La parenthèse sioniste se referme
Après sa mort, ses successeurs ne tarderont pas à rompre avec Israël et à lorgner vers ses voisins arabes. Pourquoi ce nouveau retournement ? Laurent Rucker invoque deux facteurs essentiels. D’abord un facteur externe : Israël a perdu tout intérêt stratégique pour l’URSS, qui ne peut plus l’instrumentaliser afin d’approfondir les « contradictions interimpérialistes ». Ensuite un facteur interne : en URSS, le « sionisme » redevient un ennemi au même titre que l’« impérialisme » ou le « titisme ». C’est pourquoi, note Rucker, « la contradiction entre la politique intérieure – de répression des juifs d’URSS – et la politique extérieure – de neutralité passive à l’égard d’Israël – est devenue insurmontable »
La parenthèse « sioniste » se ferme complètement en 1955 : Moscou, renouant avec l’esprit du Premier Congrès des peuples d’Orient de Bakou (septembre 1920) se tourne vers le monde arabe. En guise de première étape, elle conclut avec l’Égypte de Nasser un contrat de livraison d’armes. Peu après, pendant la guerre de Suez (1956), elle se tient aux côtés des Arabes et joue un rôle décisif, avec les États-Unis, dans le coup d’arrêt porté à l’agression israélo-franco-britannique. Trente ans durant, l’URSS sera le grand allié du monde arabe contre son ancien allié israélien.

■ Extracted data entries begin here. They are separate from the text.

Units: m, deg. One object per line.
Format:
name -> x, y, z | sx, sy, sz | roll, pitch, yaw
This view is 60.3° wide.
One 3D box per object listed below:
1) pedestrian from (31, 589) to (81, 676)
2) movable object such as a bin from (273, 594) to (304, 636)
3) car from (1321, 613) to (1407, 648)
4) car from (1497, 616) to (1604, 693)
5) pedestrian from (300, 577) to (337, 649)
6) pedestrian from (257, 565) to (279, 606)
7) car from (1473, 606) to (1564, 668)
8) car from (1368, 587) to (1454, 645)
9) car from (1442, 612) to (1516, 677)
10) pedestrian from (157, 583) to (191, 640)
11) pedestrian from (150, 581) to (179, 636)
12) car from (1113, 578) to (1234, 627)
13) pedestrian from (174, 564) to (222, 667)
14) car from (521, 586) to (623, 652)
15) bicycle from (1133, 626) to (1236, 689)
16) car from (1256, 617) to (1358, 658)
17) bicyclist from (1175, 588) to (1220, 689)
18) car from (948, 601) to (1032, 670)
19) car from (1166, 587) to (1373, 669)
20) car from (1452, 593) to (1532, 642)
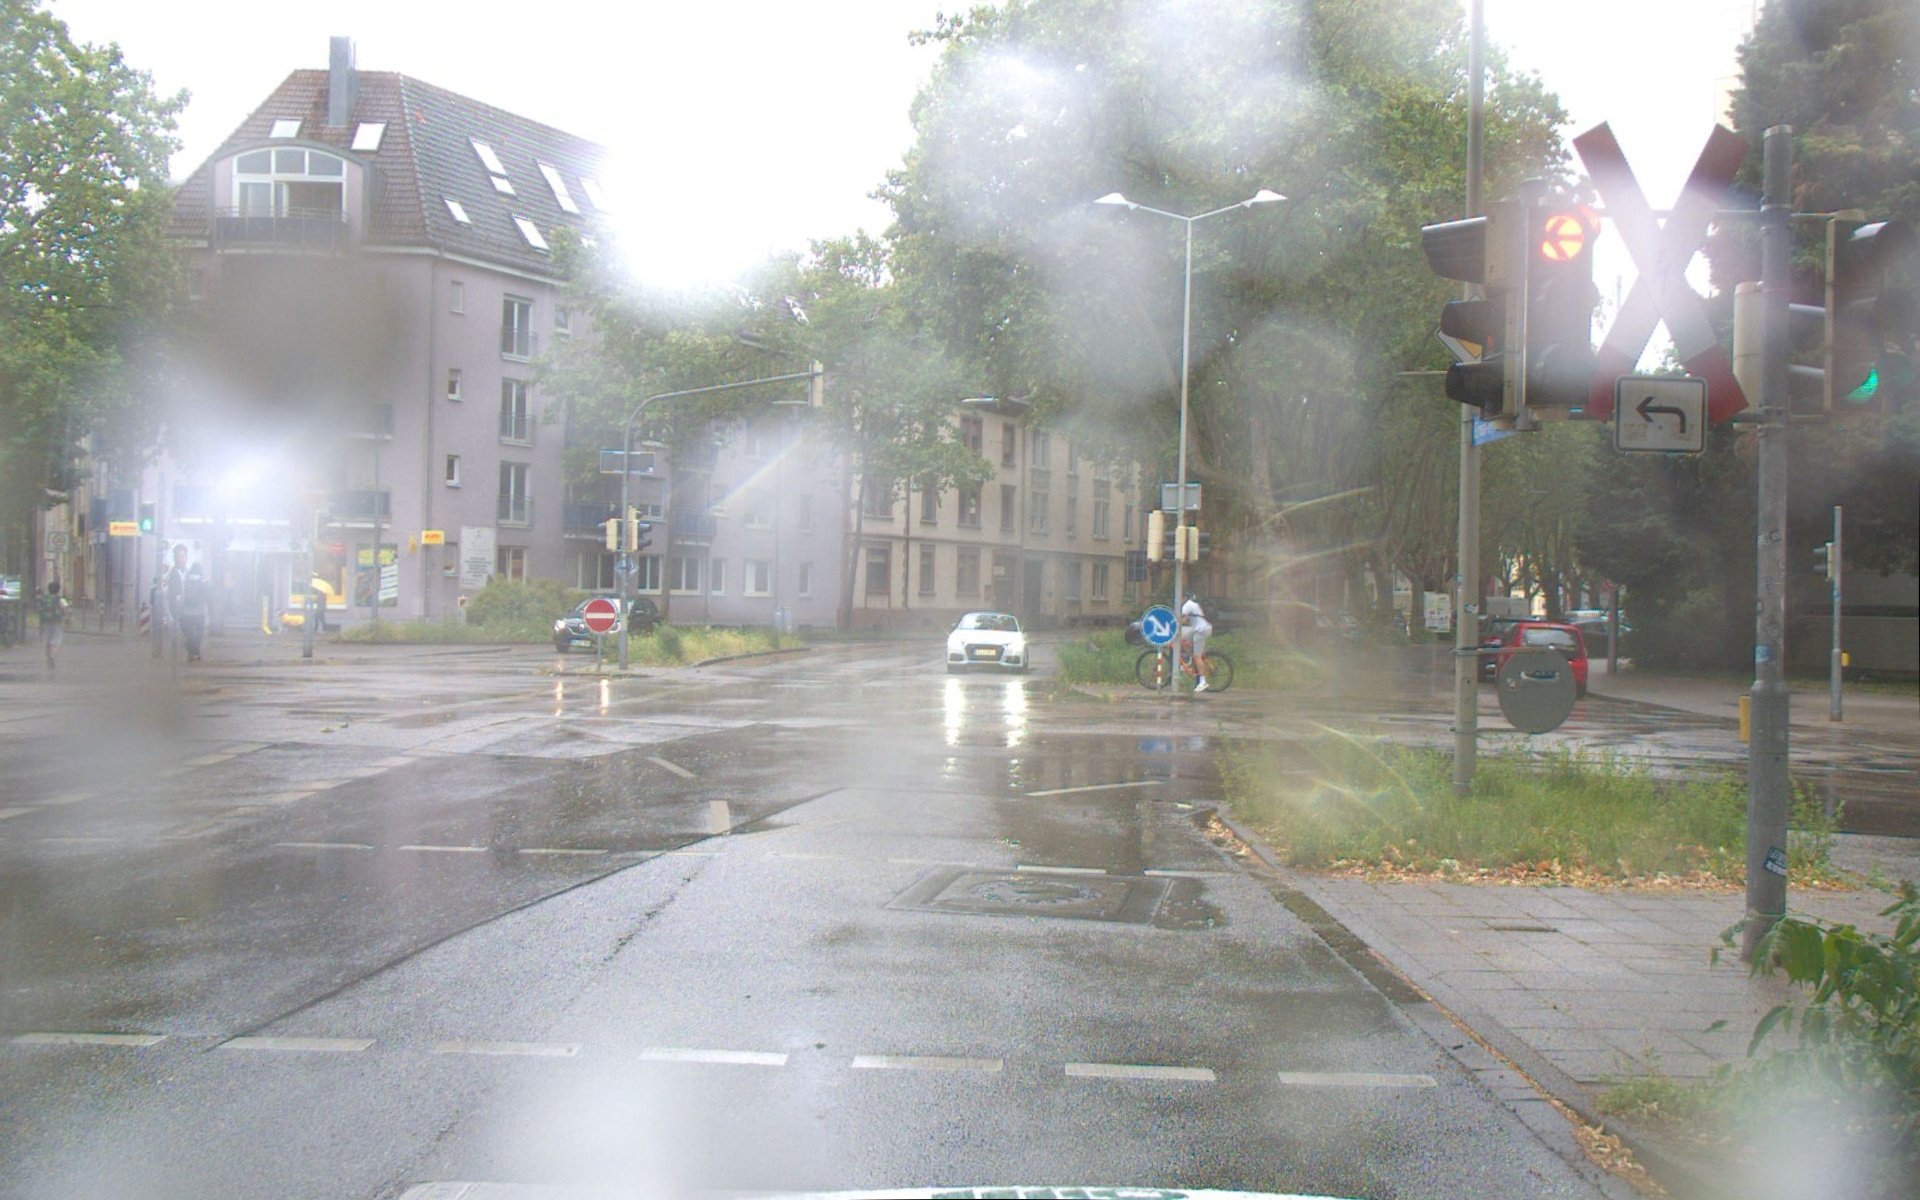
pedestrian -> -15.226, 0.537, 27.845 | 0.643, 1.420, 0.773 | 1, 0, -35
movable object such as a bin -> -20.617, 0.450, 50.788 | 0.737, 1.258, 0.665 | 1, -1, -13
car -> 19.260, 1.440, 78.925 | 3.902, 1.574, 2.002 | 1, 0, 12
car -> 13.050, 1.161, 36.734 | 1.754, 1.524, 4.003 | 1, 0, 13
pedestrian -> -19.780, 0.399, 51.032 | 0.892, 2.188, 0.884 | 1, -1, -12
pedestrian -> -22.685, -0.473, 54.229 | 0.435, 1.353, 0.562 | 1, -1, 2
car -> 13.895, 0.876, 41.304 | 1.745, 1.371, 3.932 | 2, 1, 13
car -> 23.953, 0.846, 88.068 | 2.005, 2.999, 4.742 | 1, 0, -21
car -> 14.988, 1.253, 47.908 | 1.745, 1.757, 4.003 | 1, 0, 13
pedestrian -> -22.120, 0.322, 46.530 | 0.743, 1.560, 0.783 | 1, -1, -33
pedestrian -> -23.886, 0.241, 49.640 | 0.667, 1.628, 0.957 | 1, -1, -32
car -> 6.999, 0.092, 54.037 | 3.784, 1.512, 1.717 | 1, 0, 12
pedestrian -> -14.251, 0.289, 30.942 | 0.777, 1.888, 0.676 | 1, 0, -25
car -> -9.627, 0.445, 41.344 | 1.716, 1.538, 3.838 | 1, 0, -2
bicycle -> 4.122, 1.050, 30.442 | 1.833, 1.100, 0.657 | 1, 0, 7
car -> 13.756, 1.467, 65.656 | 3.902, 1.512, 2.002 | 1, 0, 12
bicyclist -> 4.361, 0.695, 30.418 | 0.778, 1.817, 0.697 | 1, -1, 7
car -> 0.751, 0.798, 39.130 | 1.845, 1.461, 4.001 | 1, 0, 2
car -> 6.140, 0.532, 32.822 | 3.902, 1.512, 2.002 | 1, 0, 12
car -> 33.669, 1.083, 104.811 | 1.974, 2.999, 4.720 | 1, 0, -31

Devant le Soviet suprême, Nikita Krouchtchev semblera amnésique : « Nous comprenons les aspirations des peuples arabes qui luttent pour leur pleine libération de la domination étrangère. En conséquence, nous ne pouvons que condamner les actions d’Israël qui, depuis les premiers jours de son existence, a menacé ses voisins et adopté une politique hostile à leur égard. Il est clair que cette politique ne sert pas les intérêts d’Israël et que ceux qui l’adoptent bénéficient du soutien des puissances impérialistes […] Elles aspirent à utiliser Israël comme un instrument contre les peuples arabes avec pour objectif d’exploiter impitoyablement les richesses de la région. »
Le ministre israélien des Affaires étrangères, Abba Eban, lui, n’a rien oublié : « En 1948, reconnaît-il, Moscou nous avait soutenus parce que nous étions le meilleur garant du départ des Britanniques de Palestine. Une attitude identique de la part des pays arabes vis-à-vis de la Grande-Bretagne et de ses alliés amena par la suite les Russes à adopter une attitude pro-arabe. »
La meilleure synthèse est signée de l’historien israélien Yaacov Ro’i : « La dispute judéo-arabe plaça l’URSS devant un dilemme. À court terme, le Yichouv apparaissait comme la plus importante des deux parties localement en conflit, du point de vue et de son potentiel militaire et de sa détermination politique ; mais tout compte fait – une fois la tâche immédiate de mettre fin à la domination britannique accomplie – les Arabes, malgré leur orientation actuelle pro-britannique, seraient naturellement le facteur le plus important. »

Dominique Vidal est journaliste et historien.